Once the researchers divided the highly identified Whites into these two groups, the picture rapidly came into focus. Even though these two groups had similar levels of White identification, the power-cognizant group held significantly more positive attitudes towards diversity, as measured with items such as "universities should foster environments where differences are valued," and "a university education should expose students to the

important differences in ideas and values that exist in the world." The prideful group, by contrast, did not endorse these items as strongly, and showed a greater tendency towards prejudice than the power-cognizant group. The key here is that if one were not to

distinguish between these two groups, the research would have found no relationship at all between White identification and attitudes towards diversity!

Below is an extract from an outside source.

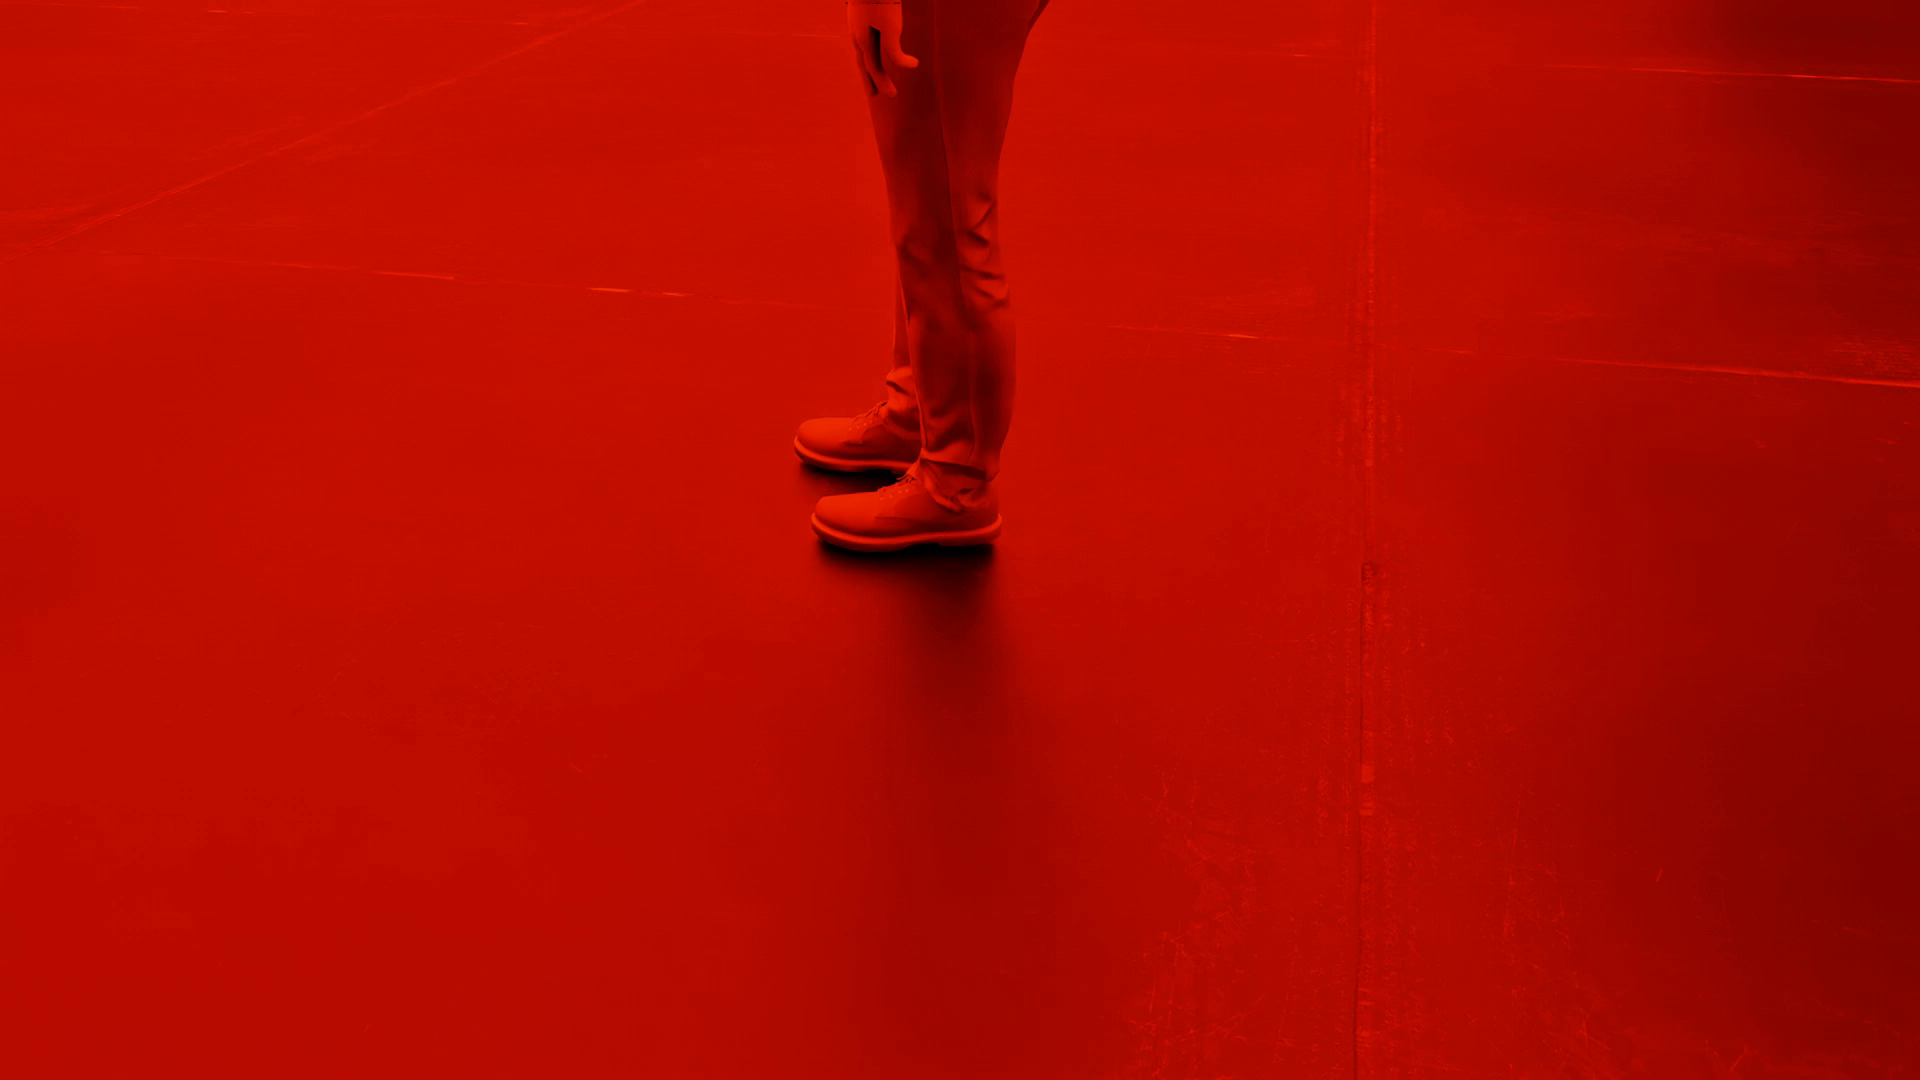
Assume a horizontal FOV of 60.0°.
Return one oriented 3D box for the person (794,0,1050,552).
[{"bbox_3d":[-0.064,-0.773,2.134,0.534,1.696,0.587,6,27,11],"label":"person"}]

There are two take home points: the first is that our scientific conclusions are limited by the types of questions we ask, so that few, if any, scientific findings are really the last word on a given topic. The second is subtler, and extremely important for positive

intergroup relations. Just because someone has a strong ethnic identity, we cannot make direct conclusions about their attitudes on other topics. This applies not just to Whites, but to members of other groups as well.